■ WORK TO BE COMPLETED
If a picture appears in the records, leave it out and transcribe the rest exactly.
== EXTRACTED DATA
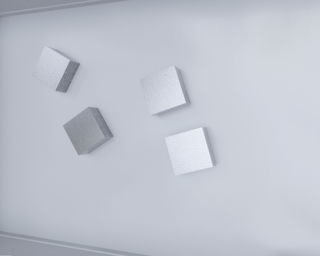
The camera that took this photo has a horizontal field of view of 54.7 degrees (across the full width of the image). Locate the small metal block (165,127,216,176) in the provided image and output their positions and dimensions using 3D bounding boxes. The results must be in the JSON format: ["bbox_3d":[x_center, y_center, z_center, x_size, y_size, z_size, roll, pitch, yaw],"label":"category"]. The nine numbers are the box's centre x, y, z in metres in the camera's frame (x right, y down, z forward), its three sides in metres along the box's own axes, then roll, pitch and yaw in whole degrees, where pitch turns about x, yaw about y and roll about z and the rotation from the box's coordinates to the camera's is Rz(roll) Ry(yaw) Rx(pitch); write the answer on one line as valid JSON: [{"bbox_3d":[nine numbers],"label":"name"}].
[{"bbox_3d":[0.039,0.030,0.396,0.050,0.025,0.050,-16,85,19],"label":"small metal block"}]

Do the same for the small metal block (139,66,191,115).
[{"bbox_3d":[0.007,-0.048,0.408,0.050,0.025,0.050,-19,84,19],"label":"small metal block"}]

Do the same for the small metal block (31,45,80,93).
[{"bbox_3d":[-0.157,-0.088,0.466,0.050,0.025,0.050,32,100,17],"label":"small metal block"}]

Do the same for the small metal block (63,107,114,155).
[{"bbox_3d":[-0.104,0.005,0.447,0.050,0.025,0.050,-33,79,17],"label":"small metal block"}]
====
■ RESPONSE AREA
The camera that took this photo has a horizontal field of view of 54.7 degrees (across the full width of the image). Locate the small metal block (165,127,216,176) in the provided image and output their positions and dimensions using 3D bounding boxes. The results must be in the JSON format: ["bbox_3d":[x_center, y_center, z_center, x_size, y_size, z_size, roll, pitch, yaw],"label":"category"]. The nine numbers are the box's centre x, y, z in metres in the camera's frame (x right, y down, z forward), its three sides in metres along the box's own axes, then roll, pitch and yaw in whole degrees, where pitch turns about x, yaw about y and roll about z and the rotation from the box's coordinates to the camera's is Rz(roll) Ry(yaw) Rx(pitch); write the answer on one line as valid JSON: [{"bbox_3d":[nine numbers],"label":"name"}].
[{"bbox_3d":[0.039,0.030,0.396,0.050,0.025,0.050,-16,85,19],"label":"small metal block"}]

Do the same for the small metal block (139,66,191,115).
[{"bbox_3d":[0.007,-0.048,0.408,0.050,0.025,0.050,-19,84,19],"label":"small metal block"}]

Do the same for the small metal block (31,45,80,93).
[{"bbox_3d":[-0.157,-0.088,0.466,0.050,0.025,0.050,32,100,17],"label":"small metal block"}]

Do the same for the small metal block (63,107,114,155).
[{"bbox_3d":[-0.104,0.005,0.447,0.050,0.025,0.050,-33,79,17],"label":"small metal block"}]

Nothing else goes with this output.